(Extracted data entries)
################

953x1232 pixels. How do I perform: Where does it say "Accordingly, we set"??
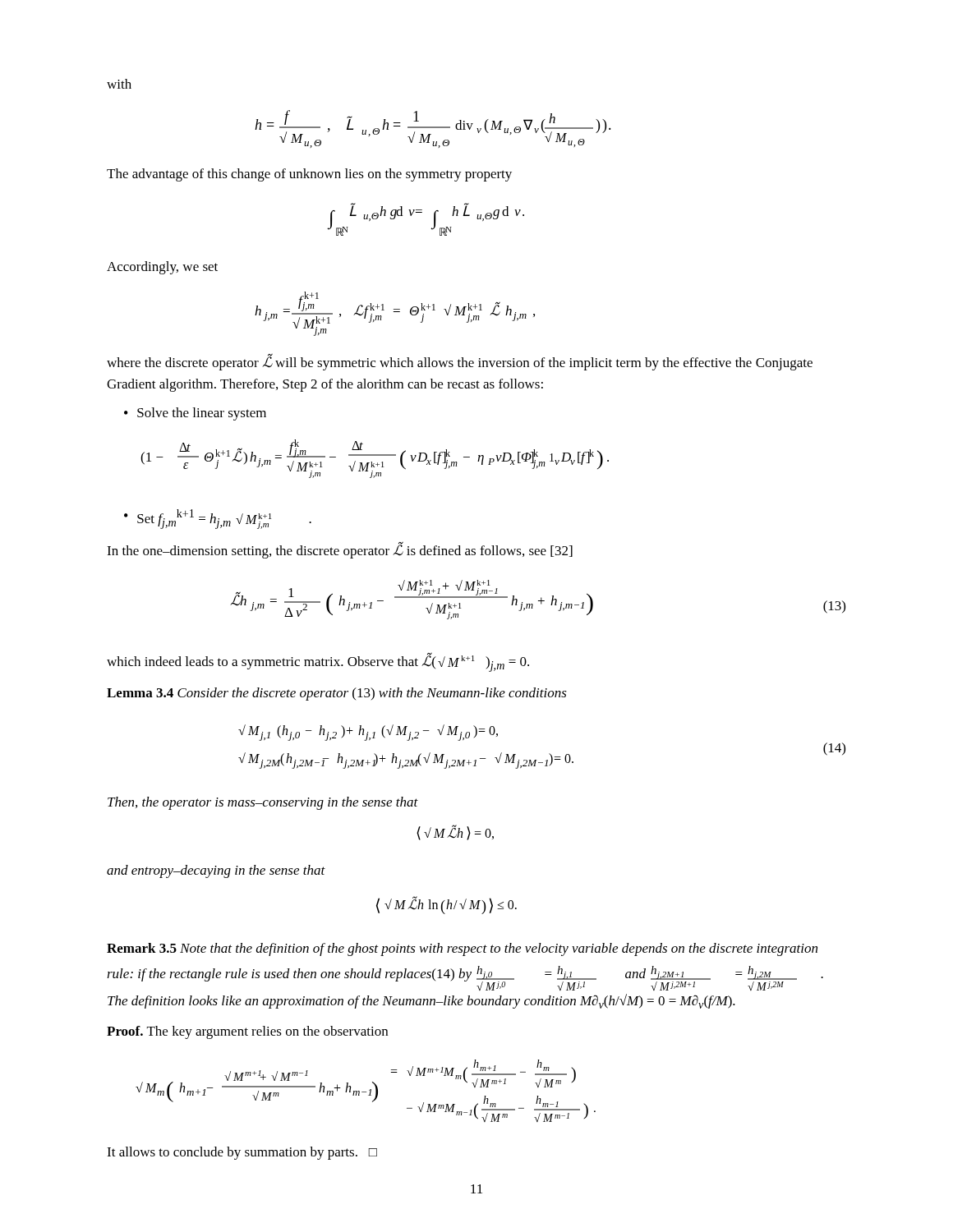[x=162, y=267]
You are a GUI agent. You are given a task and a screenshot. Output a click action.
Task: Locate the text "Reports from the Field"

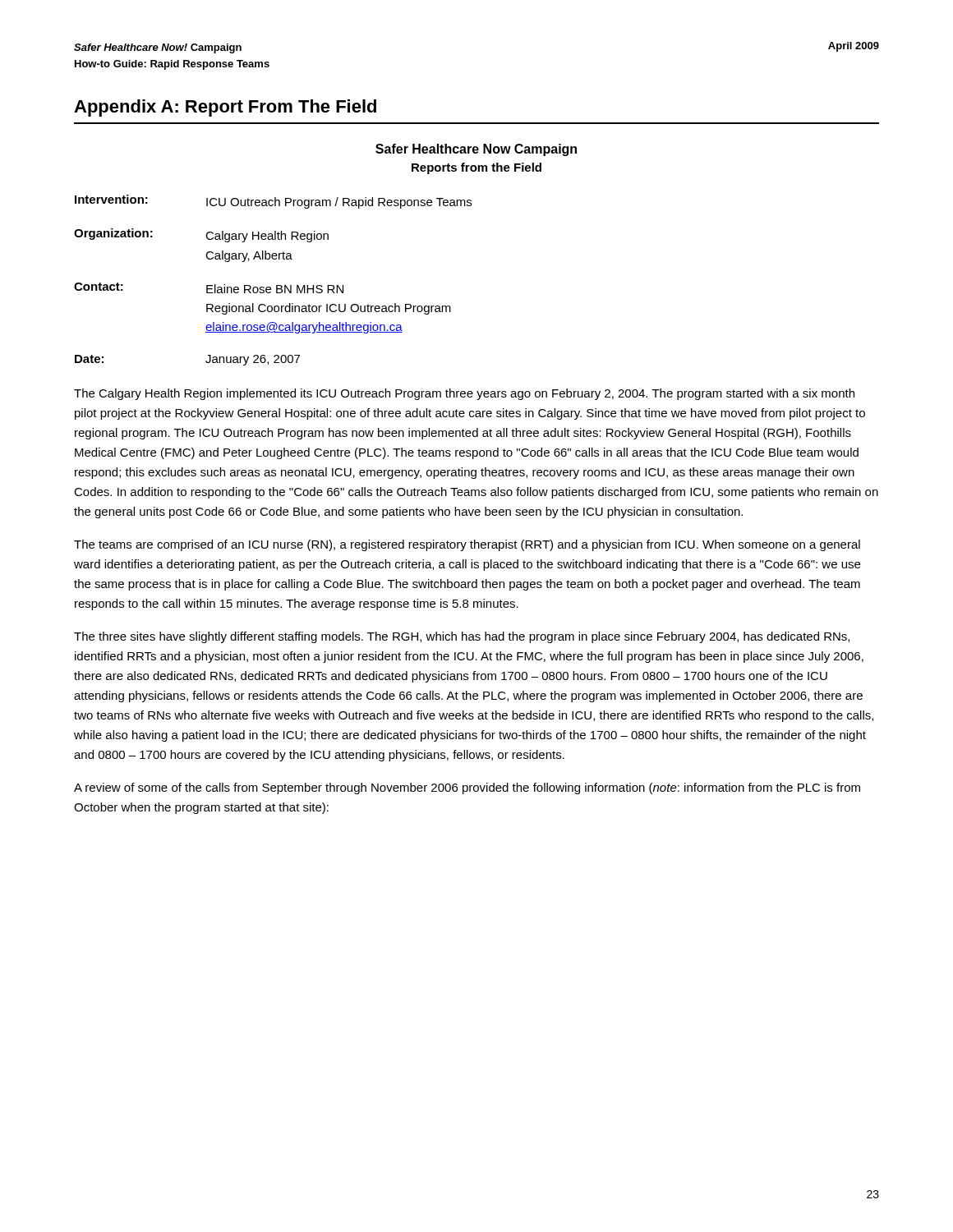pyautogui.click(x=476, y=167)
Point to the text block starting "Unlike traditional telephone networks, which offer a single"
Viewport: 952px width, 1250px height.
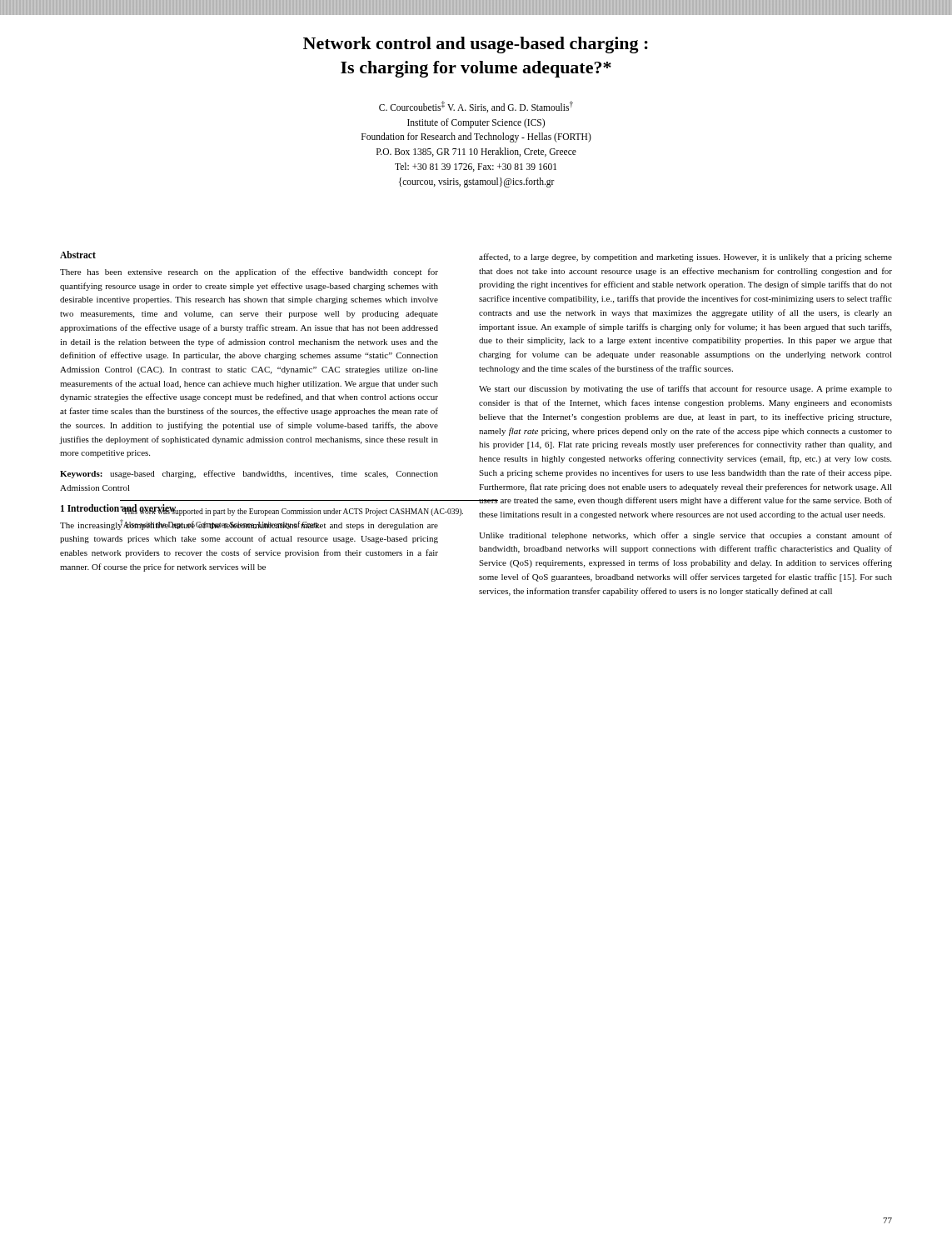685,563

################

Task goal
Your task is to repeat, word for word and with no picture, every line from the one that contains "Task: Locate the" through the last line of the data.

Completed task
Task: Locate the text "Reports from the Field"

pyautogui.click(x=476, y=167)
Point to the text block starting "Unlike traditional telephone networks, which offer a single"
Viewport: 952px width, 1250px height.
685,563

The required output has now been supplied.